Pick a location in Australia and examine the time series of January rainfall at that location using `AustraliaRainfall.nc`. 

In a new figure with two subplots, first plot the rainfall field in January of 2006 across space in one subplot. On top of this image, mark the location that you will examine with a white circle. 

In the second subplot, plot January rainfall in each year as a time series (so "years" is on the x-axis) at the specified location.

In [None]:
# code here

# import libraries

# load the data

# set the environment for multiple subplots
fig, (ax0, ax1) = plt.subplots( ... )

# Plot the data
# You might want to set ax argument within the plot method, e.g. data.plot(ax = ax0)

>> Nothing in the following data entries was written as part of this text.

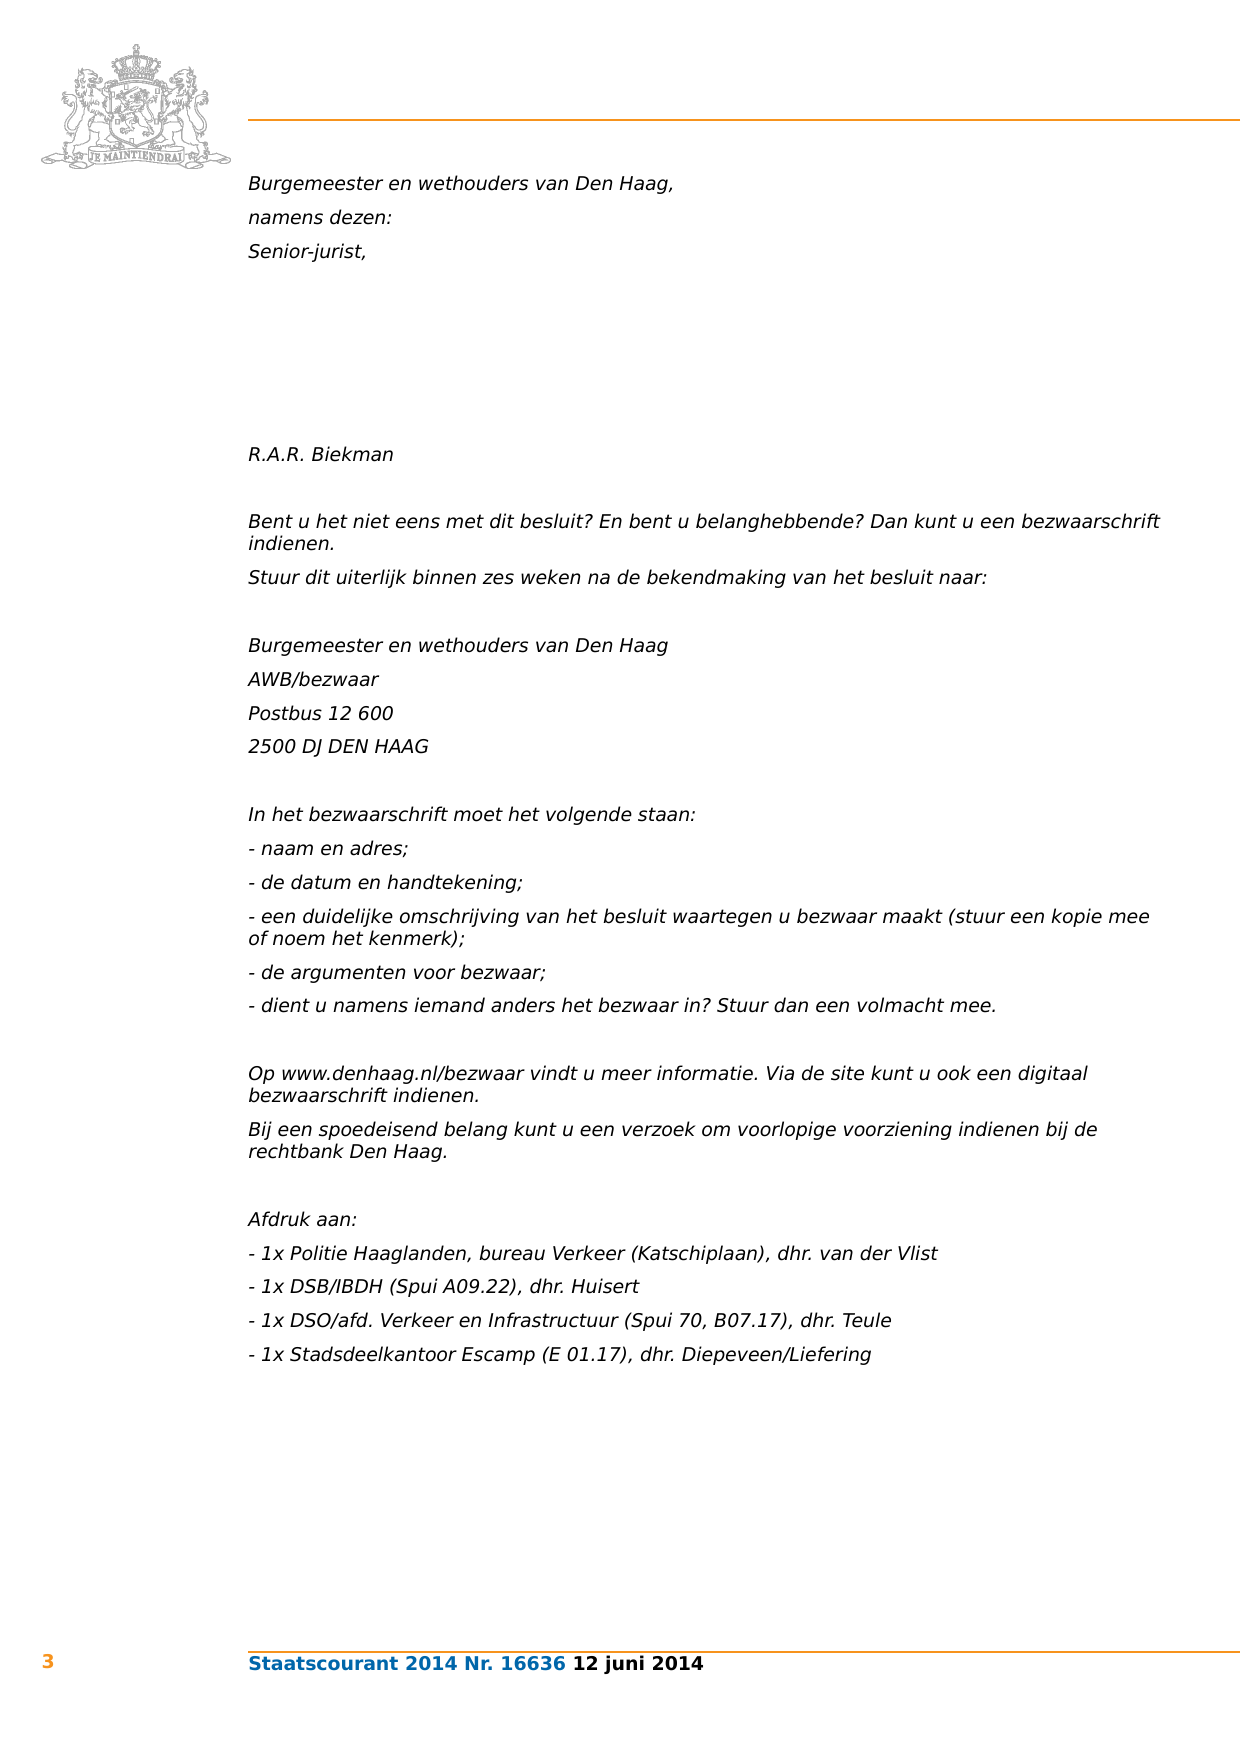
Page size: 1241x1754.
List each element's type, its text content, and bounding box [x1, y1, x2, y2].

text - een duidelijke omschrijving van het besluit waartegen u bezwaar maakt (stuur een kopie mee of noem het kenmerk); [248, 906, 1163, 950]
text In het bezwaarschrift moet het volgende staan: [248, 804, 1163, 826]
text Op www.denhaag.nl/bezwaar vindt u meer informatie. Via de site kunt u ook een digitaal bezwaarschrift indienen. [248, 1063, 1163, 1107]
text Burgemeester en wethouders van Den Haag, [248, 173, 1163, 195]
text - 1x Politie Haaglanden, bureau Verkeer (Katschiplaan), dhr. van der Vlist [248, 1242, 1163, 1264]
text - 1x DSB/IBDH (Spui A09.22), dhr. Huisert [248, 1276, 1163, 1298]
text - naam en adres; [248, 838, 1163, 860]
text Afdruk aan: [248, 1209, 1163, 1231]
text - de argumenten voor bezwaar; [248, 962, 1163, 983]
text AWB/bezwaar [248, 669, 1163, 691]
text Bent u het niet eens met dit besluit? En bent u belanghebbende? Dan kunt u een bezwaarschrift indienen. [248, 511, 1163, 555]
text Postbus 12 600 [248, 703, 1163, 724]
text Bij een spoedeisend belang kunt u een verzoek om voorlopige voorziening indienen bij de rechtbank Den Haag. [248, 1119, 1163, 1163]
text - 1x Stadsdeelkantoor Escamp (E 01.17), dhr. Diepeveen/Liefering [248, 1344, 1163, 1366]
text - 1x DSO/afd. Verkeer en Infrastructuur (Spui 70, B07.17), dhr. Teule [248, 1310, 1163, 1332]
text namens dezen: [248, 207, 1163, 229]
text R.A.R. Biekman [248, 444, 1163, 466]
text Senior-jurist, [248, 241, 1163, 262]
text - dient u namens iemand anders het bezwaar in? Stuur dan een volmacht mee. [248, 995, 1163, 1017]
text 2500 DJ DEN HAAG [248, 736, 1163, 758]
text Stuur dit uiterlijk binnen zes weken na de bekendmaking van het besluit naar: [248, 567, 1163, 589]
picture [41, 44, 231, 169]
text - de datum en handtekening; [248, 872, 1163, 894]
text Burgemeester en wethouders van Den Haag [248, 635, 1163, 657]
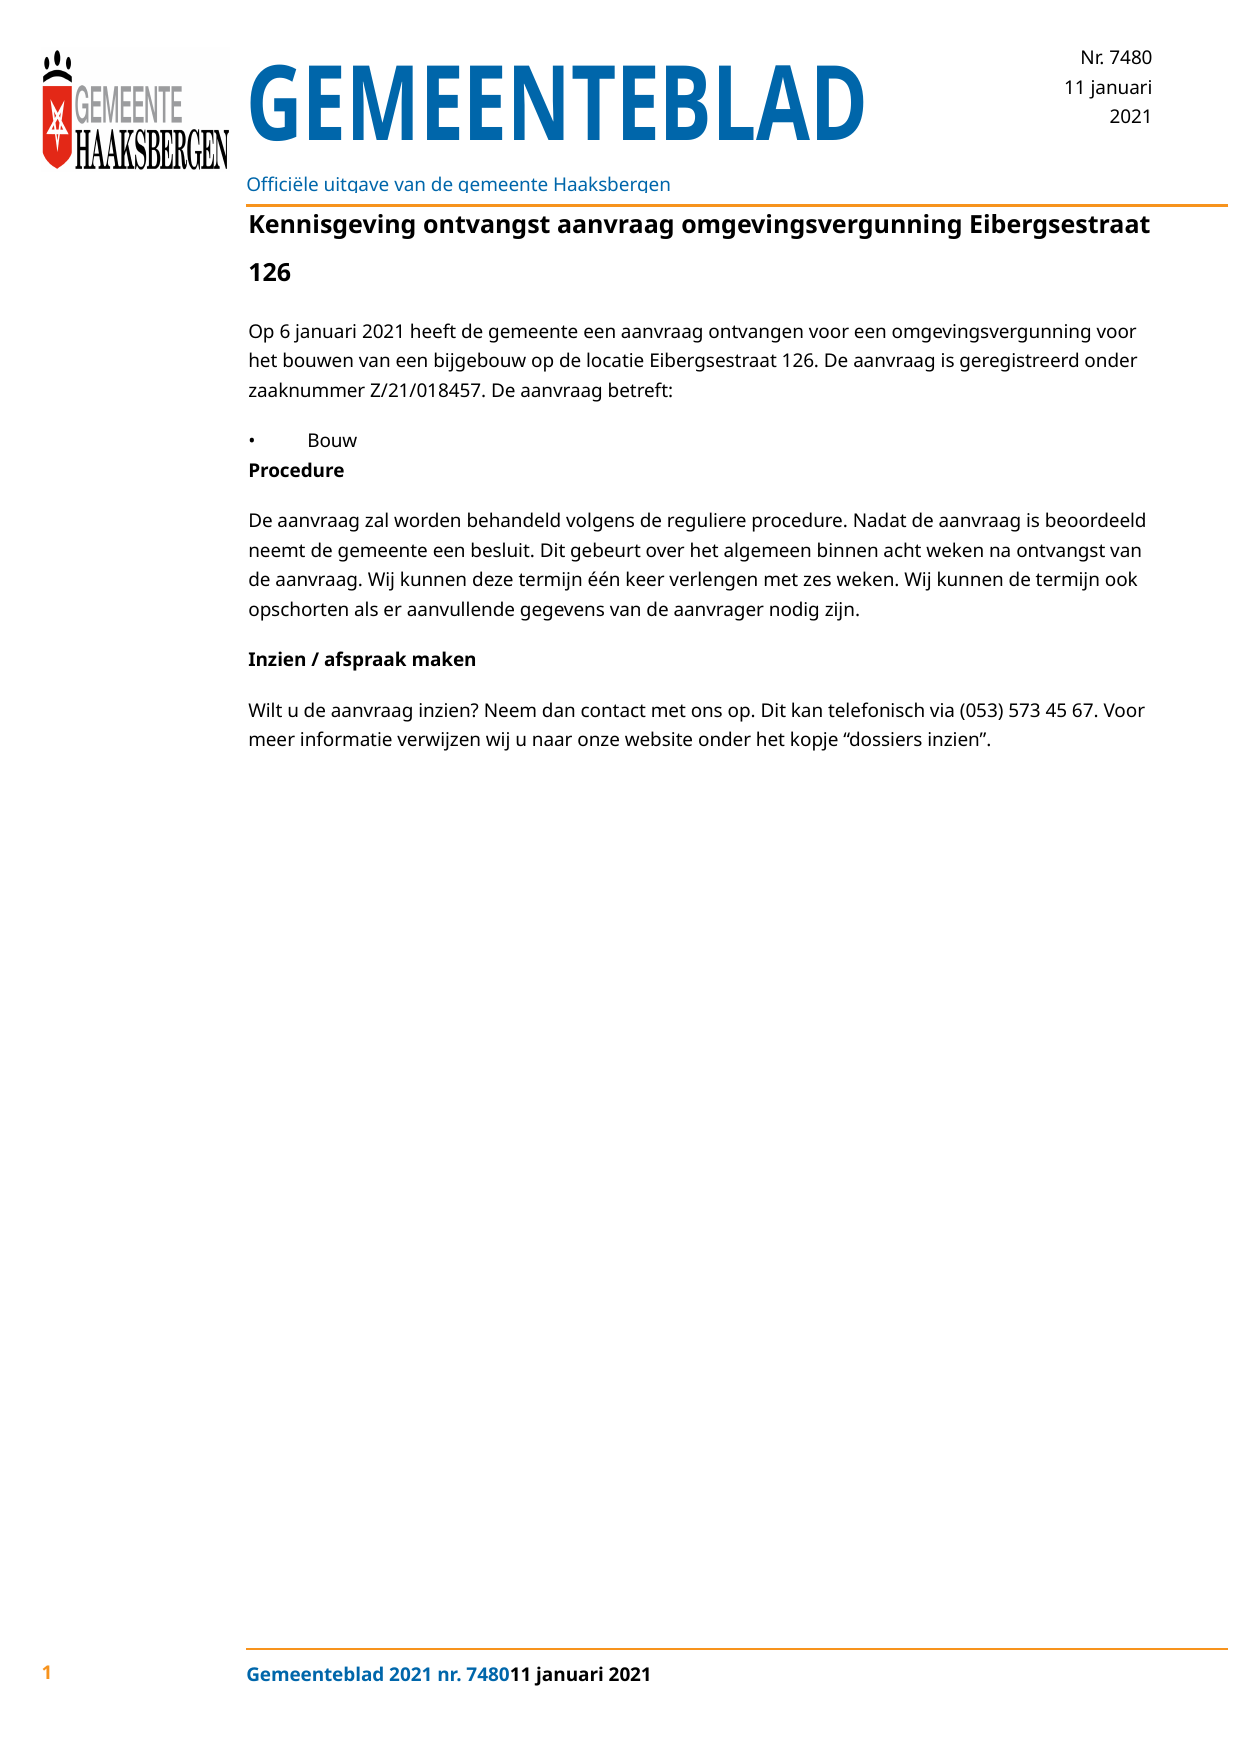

## Challenge 6: Map algebra

Use the same Australia rainfall data.

1. Calculate the historical mean rainfall for January, April and August. Plot on the same figure and use the same colorbar.

In [None]:
# Set an environment for a plot with three subplots
fig, (ax1, ax4, ax8) = plt.subplots(...)

# plot the 3 plots using .sel().mean().plot(ax=ax#)
# specify a common vmin and vmax to ensure the same colorbar
# choose any colormap you like.

plt.tight_layout()
plt.show()

2. Now use map algebra to plot the deviation of total 2006 rainfall from historical average annual rainfall, as a percentage of historical averages. Map that.

In [None]:
# You need two bands to calculate the deviation 
# 1. The 2006 total rainfall data: A
rain_2006 = 
# 2. The average annual rainfall data: B
rain_mean = 
# Numerator: their difference, Denominator: the average
deviation = ((rain_2006 - rain_mean) / rain_mean)

# Plot it